Galka Pierre, Jamez Elisabeth, Joachim Gilles, Soumillion Patrice
Institut des Sciences de la Vie, Université catholique de Louvain, Louvain-la-Neuve, Belgium.
PLoS One. 2017 Apr 13;12(4):e0175146. doi: 10.1371/journal.pone.0175146. eCollection 2017.

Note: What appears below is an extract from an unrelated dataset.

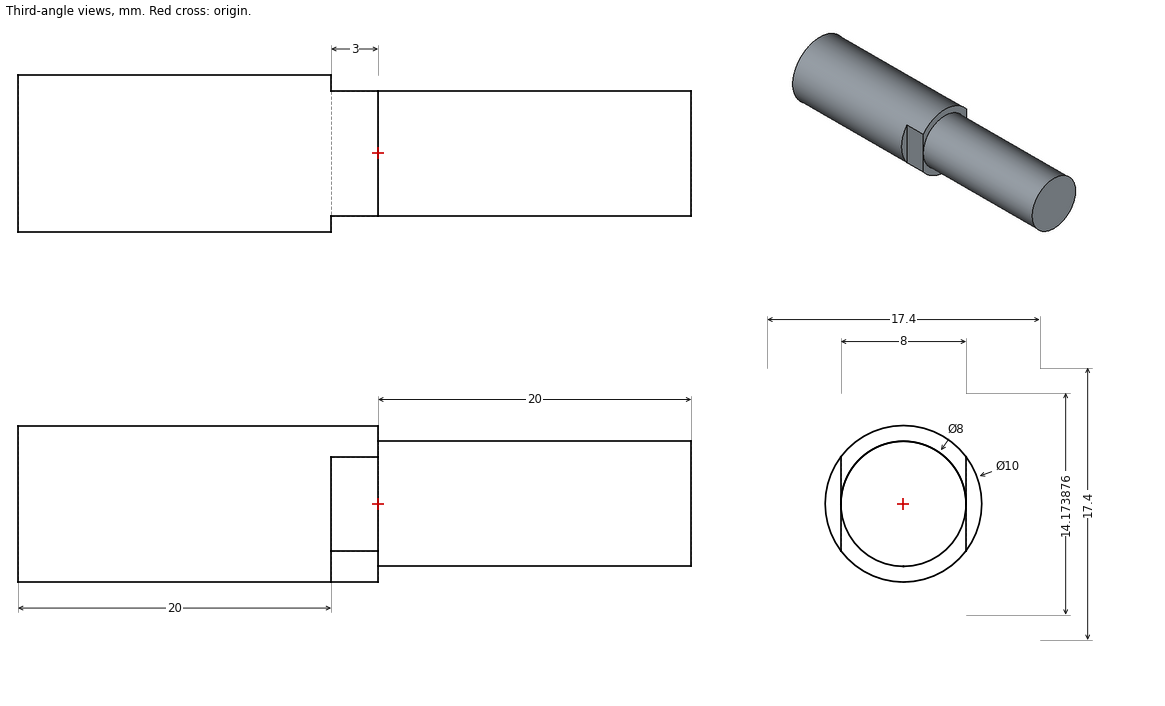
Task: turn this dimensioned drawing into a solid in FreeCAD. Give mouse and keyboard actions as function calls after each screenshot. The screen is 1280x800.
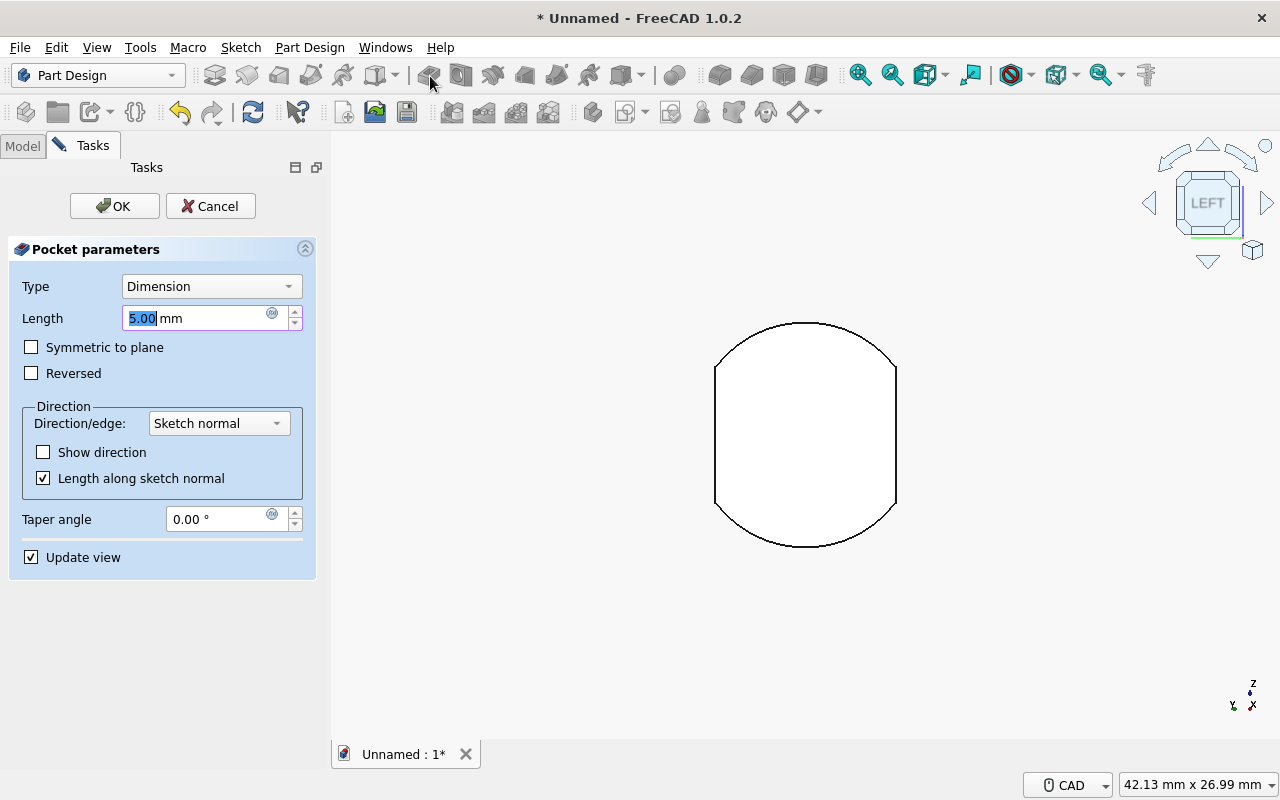
click(212, 286)

Incorporation of synthetic degenerate oligonucleotides into plasmids for building highly diverse genetic libraries requires efficient and quantitative DNA manipulation. We present a fast and seamless method for generating libraries of PCR-synthesized plasmids designed with a degenerate sequence and short overlapping ends. Our method called QuickLib should find many applications in synthetic biology; as an example, we easily prepared genetic libraries of Escherichia coli expressing billions of different backbone cyclic peptides.
将合成的简并寡核苷酸整合到质粒中以构建高度多样化的基因文库需要高效且定量的DNA操作。我们提出了一种快速且无缝的方法来生成由PCR合成的质粒文库,这些质粒设计有简并序列和短重叠末端。我们的方法称为QuickLib,在合成生物学中应有许多应用;例如,我们轻松制备了表达数十亿种不同骨架环肽的大肠杆菌基因文库。